空白はエンドロールのままで

「柊 雪乃 海辺のソラネル 感想」

 Enterキーを押すと、画面には無数のテキストが洪水のように溢れ出した。

 書評ブログ、ニュースサイト、個人のSNSアカウント……そのほとんどが、最大級の賛辞で埋め尽くされていた。

 「天才」「魂を揺さぶる」「今年最高傑作」――。それらの言葉を、僕は食い入るように目で追った。

 感嘆と、畏敬。そして、どうしようもない疎外感と、焦り。中には、ごく少数だが、批判的な意見や、あるいは「期待外れだった」という声も混じっていた。
 僕は、無意識のうちに、そうした否定的な言葉を探している自分に気づき、吐き気を覚えた。
 読んでもいないくせに。 スマートフォンのブルーライトだけが頼りの薄暗い部屋で、深く息をつく。冷蔵庫から、ほとんど習慣のように缶コーヒーを取り出す。

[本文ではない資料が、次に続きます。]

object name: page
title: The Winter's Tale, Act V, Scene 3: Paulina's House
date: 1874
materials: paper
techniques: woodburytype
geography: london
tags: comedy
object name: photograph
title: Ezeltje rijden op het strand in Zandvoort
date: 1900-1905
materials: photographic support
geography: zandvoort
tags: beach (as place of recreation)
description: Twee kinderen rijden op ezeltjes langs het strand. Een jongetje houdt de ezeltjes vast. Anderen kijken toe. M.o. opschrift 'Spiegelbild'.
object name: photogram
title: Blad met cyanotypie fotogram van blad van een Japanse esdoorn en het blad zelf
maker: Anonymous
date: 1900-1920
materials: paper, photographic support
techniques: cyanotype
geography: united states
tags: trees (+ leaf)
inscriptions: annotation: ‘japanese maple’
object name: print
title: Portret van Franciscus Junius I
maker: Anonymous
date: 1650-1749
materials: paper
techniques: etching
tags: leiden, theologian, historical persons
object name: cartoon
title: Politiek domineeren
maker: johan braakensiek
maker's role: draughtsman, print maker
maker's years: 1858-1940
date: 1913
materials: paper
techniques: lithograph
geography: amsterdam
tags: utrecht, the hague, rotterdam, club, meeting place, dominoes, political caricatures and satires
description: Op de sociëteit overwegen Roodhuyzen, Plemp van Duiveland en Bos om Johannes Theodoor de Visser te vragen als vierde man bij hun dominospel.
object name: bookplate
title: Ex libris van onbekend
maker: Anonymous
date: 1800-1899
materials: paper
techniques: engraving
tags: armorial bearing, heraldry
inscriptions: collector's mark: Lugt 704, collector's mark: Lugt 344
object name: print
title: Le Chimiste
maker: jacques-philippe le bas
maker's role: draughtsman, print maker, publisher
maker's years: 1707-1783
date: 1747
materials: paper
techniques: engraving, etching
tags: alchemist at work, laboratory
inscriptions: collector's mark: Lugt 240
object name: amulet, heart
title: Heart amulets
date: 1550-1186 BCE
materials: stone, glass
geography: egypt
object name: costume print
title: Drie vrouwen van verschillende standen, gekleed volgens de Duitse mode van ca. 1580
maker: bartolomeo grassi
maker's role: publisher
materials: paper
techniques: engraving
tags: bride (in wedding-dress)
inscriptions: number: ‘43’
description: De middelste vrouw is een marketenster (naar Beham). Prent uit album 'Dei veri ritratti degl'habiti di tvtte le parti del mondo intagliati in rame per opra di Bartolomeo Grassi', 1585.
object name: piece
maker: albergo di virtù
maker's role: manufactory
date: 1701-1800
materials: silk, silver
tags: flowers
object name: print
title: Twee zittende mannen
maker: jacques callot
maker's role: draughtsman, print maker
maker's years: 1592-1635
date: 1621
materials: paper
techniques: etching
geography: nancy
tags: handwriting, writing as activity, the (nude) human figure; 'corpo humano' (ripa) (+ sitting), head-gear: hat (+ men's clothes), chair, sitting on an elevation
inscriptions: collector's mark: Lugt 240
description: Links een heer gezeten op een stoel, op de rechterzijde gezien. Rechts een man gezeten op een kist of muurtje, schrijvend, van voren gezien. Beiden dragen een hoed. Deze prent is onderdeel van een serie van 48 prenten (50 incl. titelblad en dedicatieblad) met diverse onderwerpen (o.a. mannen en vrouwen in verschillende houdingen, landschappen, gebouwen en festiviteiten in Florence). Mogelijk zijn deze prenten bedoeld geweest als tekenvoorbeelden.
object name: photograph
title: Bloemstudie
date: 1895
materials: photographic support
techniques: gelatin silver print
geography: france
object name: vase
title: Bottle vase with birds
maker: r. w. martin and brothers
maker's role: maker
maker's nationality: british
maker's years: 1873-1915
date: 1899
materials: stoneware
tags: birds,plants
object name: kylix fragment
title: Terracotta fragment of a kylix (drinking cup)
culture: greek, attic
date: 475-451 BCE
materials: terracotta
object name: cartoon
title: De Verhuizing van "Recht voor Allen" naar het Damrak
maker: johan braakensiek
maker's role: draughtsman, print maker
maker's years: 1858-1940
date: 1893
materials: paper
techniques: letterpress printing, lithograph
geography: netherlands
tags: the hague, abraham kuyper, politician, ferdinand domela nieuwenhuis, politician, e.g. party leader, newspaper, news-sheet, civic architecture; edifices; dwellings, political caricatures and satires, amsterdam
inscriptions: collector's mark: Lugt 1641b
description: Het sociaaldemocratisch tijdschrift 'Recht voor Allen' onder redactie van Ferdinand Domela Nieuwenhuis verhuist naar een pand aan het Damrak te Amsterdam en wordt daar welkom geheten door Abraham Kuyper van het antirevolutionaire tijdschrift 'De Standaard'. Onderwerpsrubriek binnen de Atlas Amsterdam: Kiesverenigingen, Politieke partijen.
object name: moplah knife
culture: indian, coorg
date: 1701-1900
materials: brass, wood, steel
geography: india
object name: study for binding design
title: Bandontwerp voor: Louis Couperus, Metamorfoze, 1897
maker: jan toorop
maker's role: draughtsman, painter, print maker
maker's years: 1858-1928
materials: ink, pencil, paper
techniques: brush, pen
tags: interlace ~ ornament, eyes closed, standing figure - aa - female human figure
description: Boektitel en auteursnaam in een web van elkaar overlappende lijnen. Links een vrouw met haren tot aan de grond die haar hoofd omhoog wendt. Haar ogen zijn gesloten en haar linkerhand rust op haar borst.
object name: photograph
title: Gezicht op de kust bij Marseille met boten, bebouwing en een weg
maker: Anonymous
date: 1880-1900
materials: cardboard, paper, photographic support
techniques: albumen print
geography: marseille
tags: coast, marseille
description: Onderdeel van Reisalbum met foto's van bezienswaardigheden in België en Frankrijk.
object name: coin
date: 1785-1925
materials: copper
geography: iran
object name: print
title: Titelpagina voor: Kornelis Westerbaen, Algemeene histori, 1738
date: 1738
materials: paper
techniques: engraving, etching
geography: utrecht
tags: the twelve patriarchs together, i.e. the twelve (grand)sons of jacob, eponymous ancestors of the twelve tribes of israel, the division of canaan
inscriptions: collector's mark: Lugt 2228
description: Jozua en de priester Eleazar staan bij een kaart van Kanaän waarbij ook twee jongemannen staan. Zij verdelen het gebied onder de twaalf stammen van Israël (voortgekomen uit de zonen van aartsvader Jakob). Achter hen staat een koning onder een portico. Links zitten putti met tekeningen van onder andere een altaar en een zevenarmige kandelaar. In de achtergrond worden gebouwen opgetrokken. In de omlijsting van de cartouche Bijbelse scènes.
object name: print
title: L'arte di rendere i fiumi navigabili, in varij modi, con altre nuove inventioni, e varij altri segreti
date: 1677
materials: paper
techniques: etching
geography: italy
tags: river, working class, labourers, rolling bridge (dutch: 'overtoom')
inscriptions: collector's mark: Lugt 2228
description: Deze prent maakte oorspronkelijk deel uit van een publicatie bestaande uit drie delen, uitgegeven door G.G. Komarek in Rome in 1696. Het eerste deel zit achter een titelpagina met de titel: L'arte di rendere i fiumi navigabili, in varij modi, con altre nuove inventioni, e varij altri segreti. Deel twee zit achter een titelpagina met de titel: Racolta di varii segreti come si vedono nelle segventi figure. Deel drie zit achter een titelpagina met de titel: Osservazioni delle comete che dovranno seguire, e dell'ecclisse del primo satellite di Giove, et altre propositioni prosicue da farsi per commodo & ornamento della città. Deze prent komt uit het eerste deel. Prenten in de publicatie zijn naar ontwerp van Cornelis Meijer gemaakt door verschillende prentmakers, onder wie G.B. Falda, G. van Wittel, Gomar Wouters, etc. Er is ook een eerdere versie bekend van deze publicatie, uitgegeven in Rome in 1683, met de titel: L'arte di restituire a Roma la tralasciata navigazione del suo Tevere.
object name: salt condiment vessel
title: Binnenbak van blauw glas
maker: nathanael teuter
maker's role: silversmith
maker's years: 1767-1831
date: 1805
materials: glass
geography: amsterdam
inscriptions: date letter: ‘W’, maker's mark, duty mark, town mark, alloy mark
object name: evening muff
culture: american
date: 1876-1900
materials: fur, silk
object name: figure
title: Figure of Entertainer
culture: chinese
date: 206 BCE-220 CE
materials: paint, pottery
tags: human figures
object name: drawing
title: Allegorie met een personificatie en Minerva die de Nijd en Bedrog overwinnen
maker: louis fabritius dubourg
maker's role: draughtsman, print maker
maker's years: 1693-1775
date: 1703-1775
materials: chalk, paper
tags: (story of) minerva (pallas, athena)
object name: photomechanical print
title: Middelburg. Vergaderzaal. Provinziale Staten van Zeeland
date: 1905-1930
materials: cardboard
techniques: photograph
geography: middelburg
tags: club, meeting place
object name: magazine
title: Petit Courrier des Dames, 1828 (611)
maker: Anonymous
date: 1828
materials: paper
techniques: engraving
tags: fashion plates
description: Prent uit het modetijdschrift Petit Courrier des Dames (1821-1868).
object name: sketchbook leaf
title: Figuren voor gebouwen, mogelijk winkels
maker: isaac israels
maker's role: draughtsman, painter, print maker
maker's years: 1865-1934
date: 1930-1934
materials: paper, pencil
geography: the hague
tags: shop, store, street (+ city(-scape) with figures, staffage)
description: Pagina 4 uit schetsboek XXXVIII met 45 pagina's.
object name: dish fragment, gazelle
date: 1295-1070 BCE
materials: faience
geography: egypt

 ブラックの、苦い液体。プルタブを開ける乾いた音が、静寂に響いた。 コーヒーを一口飲む。その苦さが、妙に思考をクリアにした気がした。 僕は、再びパソコンに向き合う。そして、何かを決意したように、キーボードに指を置いた。

 カタカタ、カタカタ……。

 静かな部屋に、規則的なタイピングの音だけが響き始める。画面に何が映し出されているのか、彼がどんな言葉を紡ぎ出しているのか、それはまだ誰にも分からない。

 ただ、彼の指先は、迷いなく、そして止まることなく、何かを生み出し続けていた。それは、長い間止まっていた彼の時間が、ようやく動き出した証のように、暗闇の中で確かな熱を帯びていた――。